Stored data -
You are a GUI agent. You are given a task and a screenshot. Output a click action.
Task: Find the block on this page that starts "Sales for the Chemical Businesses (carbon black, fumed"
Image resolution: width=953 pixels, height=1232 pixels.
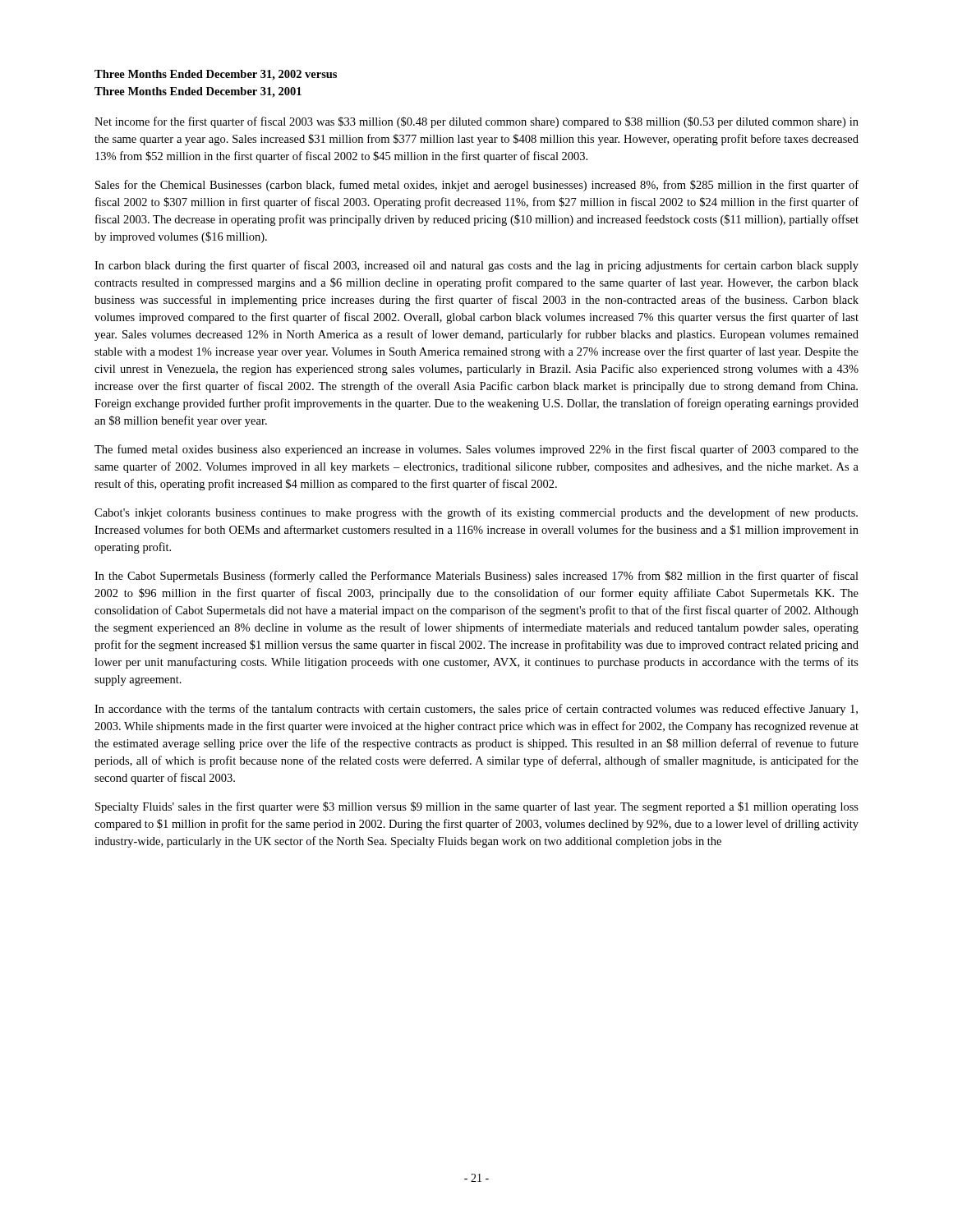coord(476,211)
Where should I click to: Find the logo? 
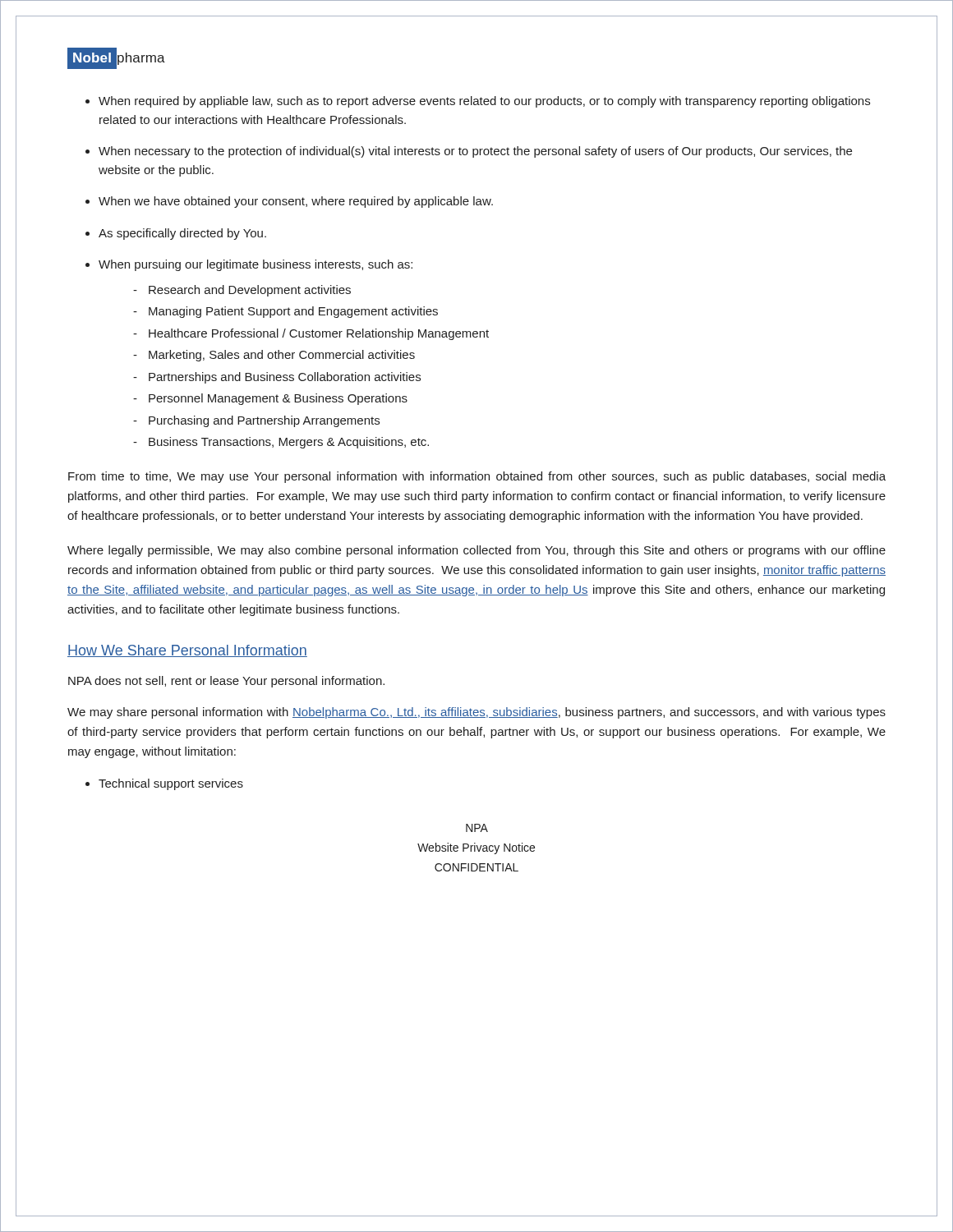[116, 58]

Activity - Type out all the records verbatim, minus images.

Answer to this problem -
You are a GUI agent. You are given a task and a screenshot. Output a click action.
Task: Find the block on this page that starts "Sales for the Chemical Businesses (carbon black, fumed"
Image resolution: width=953 pixels, height=1232 pixels.
coord(476,211)
Where should I click to: Find the logo? 
[116, 58]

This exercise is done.